[Stored items]
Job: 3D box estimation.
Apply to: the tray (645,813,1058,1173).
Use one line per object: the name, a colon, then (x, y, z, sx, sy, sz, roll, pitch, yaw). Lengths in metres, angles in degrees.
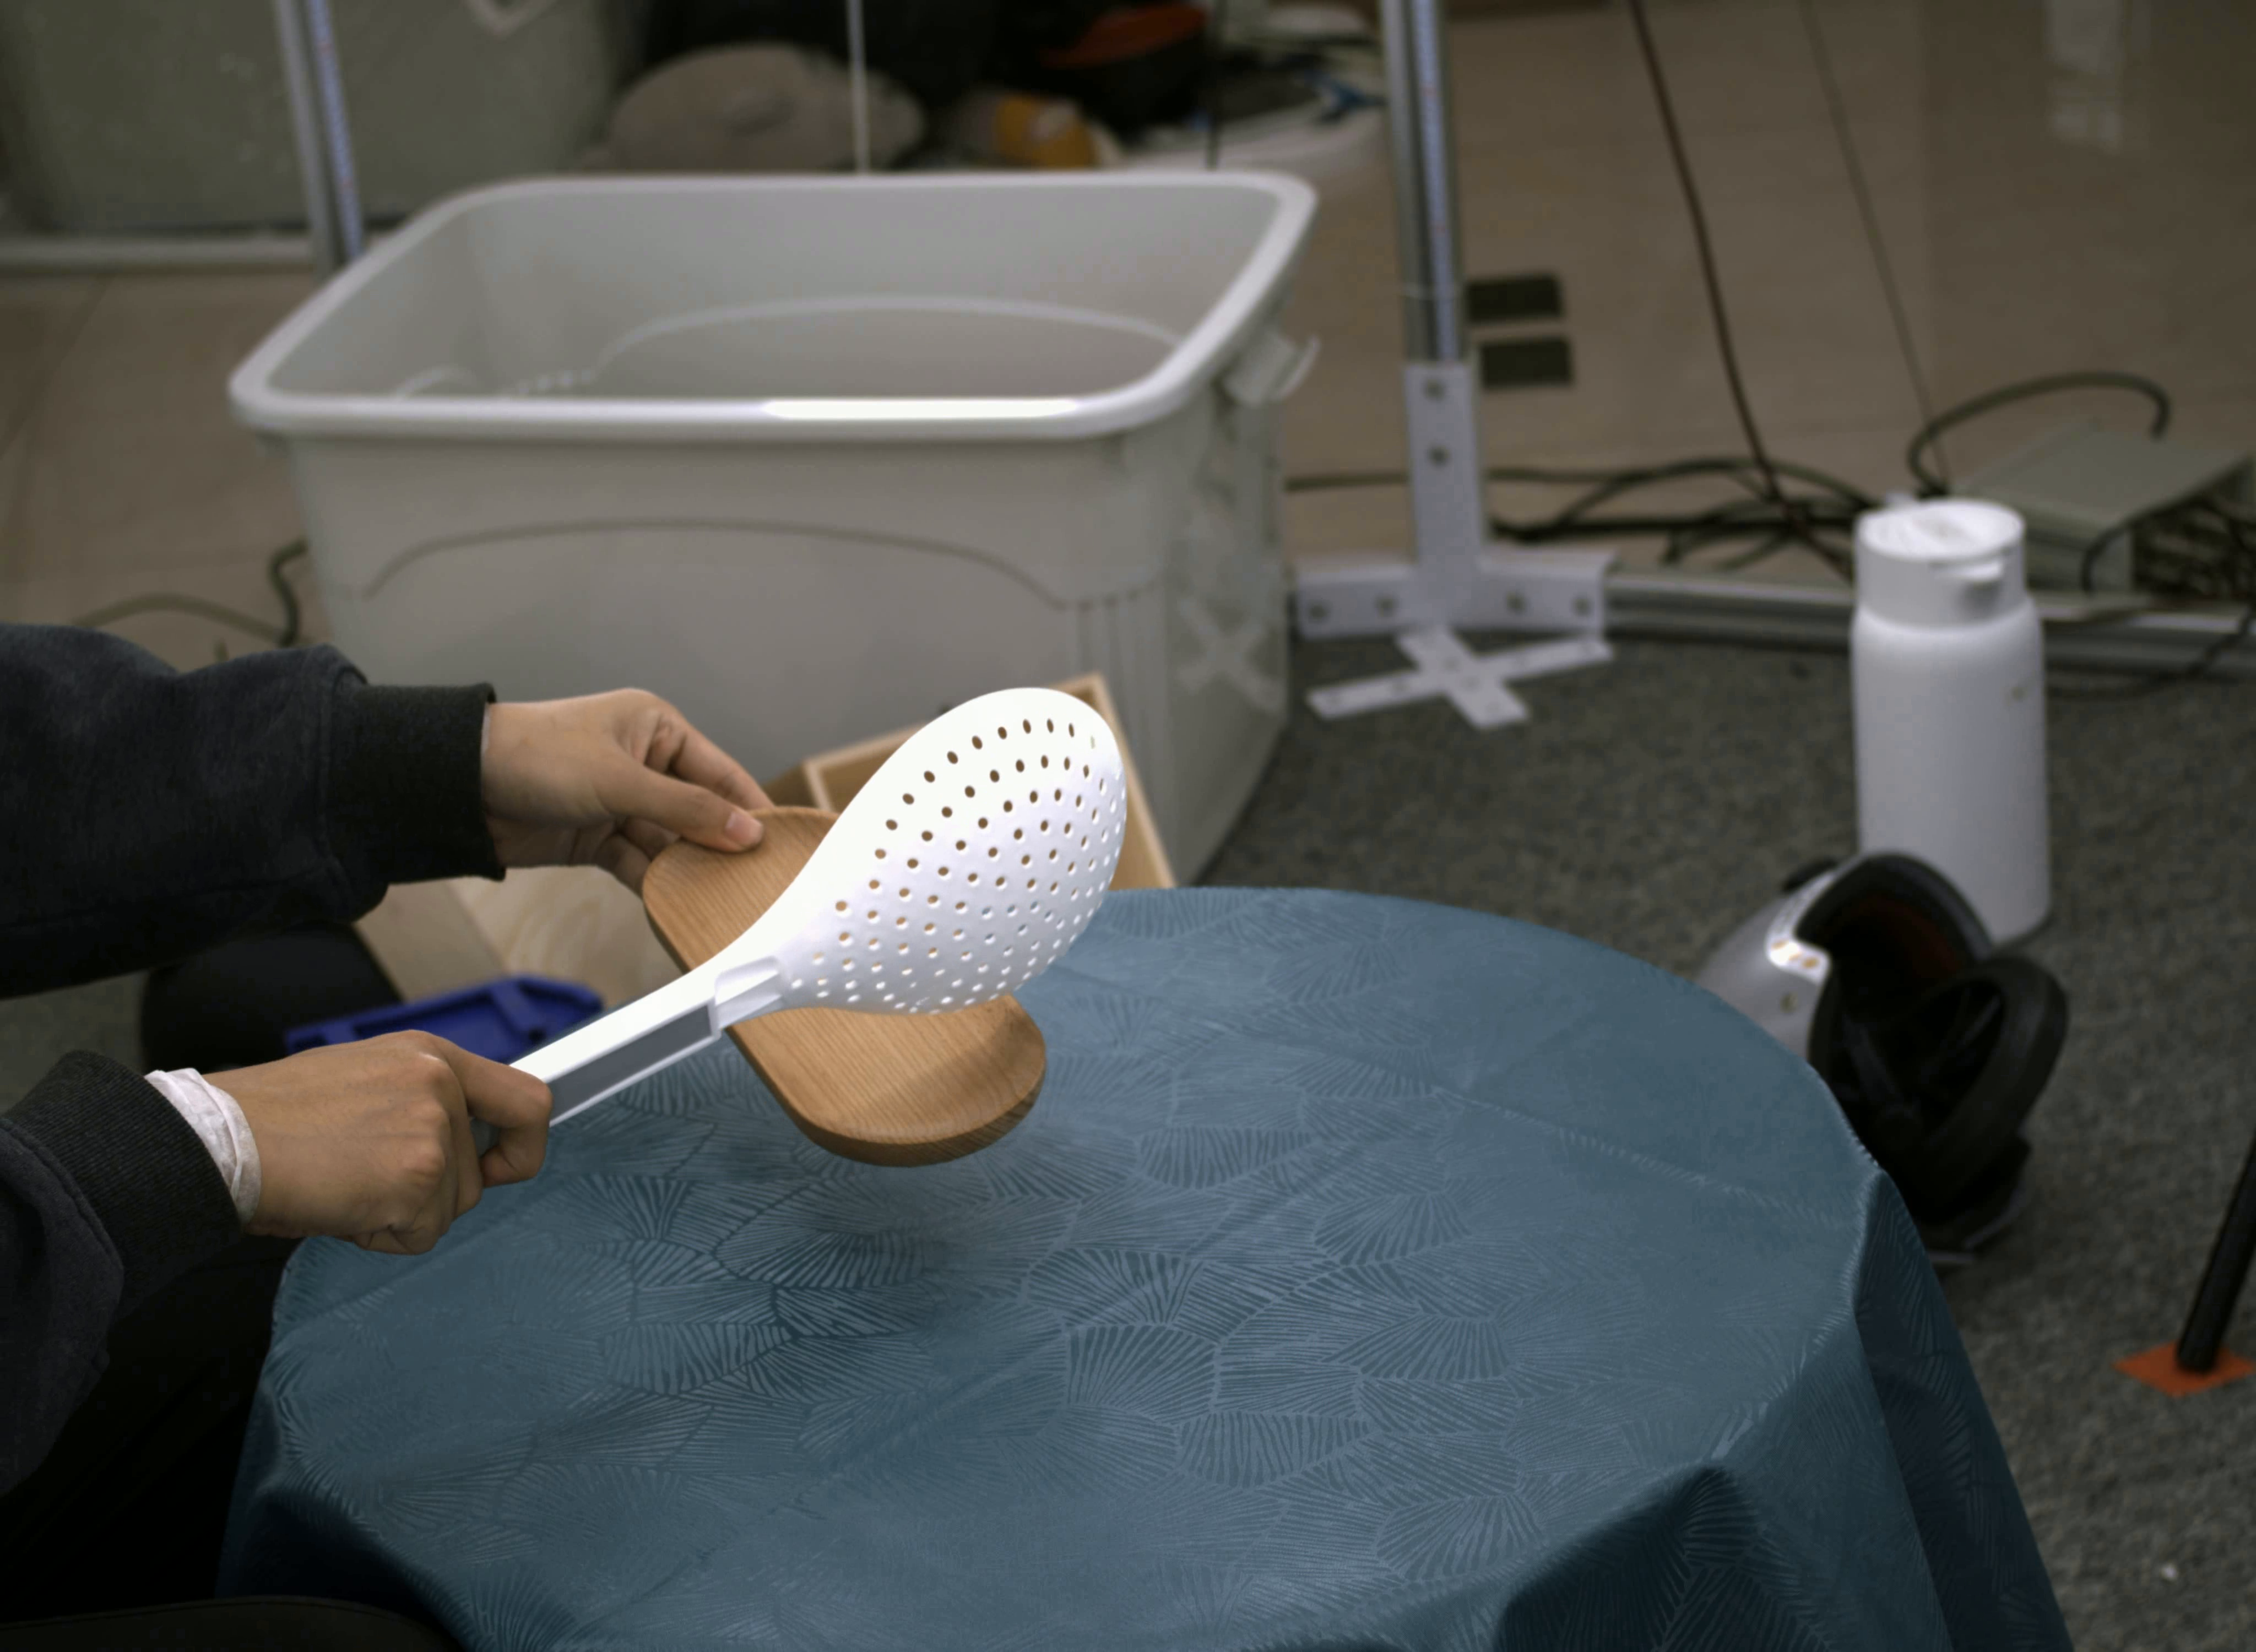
tray: (-0.106, 0.061, 2.146, 0.101, 0.021, 0.228, -20, 40, -19)

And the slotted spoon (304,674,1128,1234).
slotted spoon: (-0.139, 0.055, 2.014, 0.348, 0.139, 0.045, -24, 42, -20)

WHAT TO PRODUCE —
Since only the text is wanted, repeat all the records above exactly and omit the pictures.

OUTPUT BELOW —
Job: 3D box estimation.
Apply to: the tray (645,813,1058,1173).
Use one line per object: the name, a colon, then (x, y, z, sx, sy, sz, roll, pitch, yaw). Lengths in metres, angles in degrees.
tray: (-0.106, 0.061, 2.146, 0.101, 0.021, 0.228, -20, 40, -19)

And the slotted spoon (304,674,1128,1234).
slotted spoon: (-0.139, 0.055, 2.014, 0.348, 0.139, 0.045, -24, 42, -20)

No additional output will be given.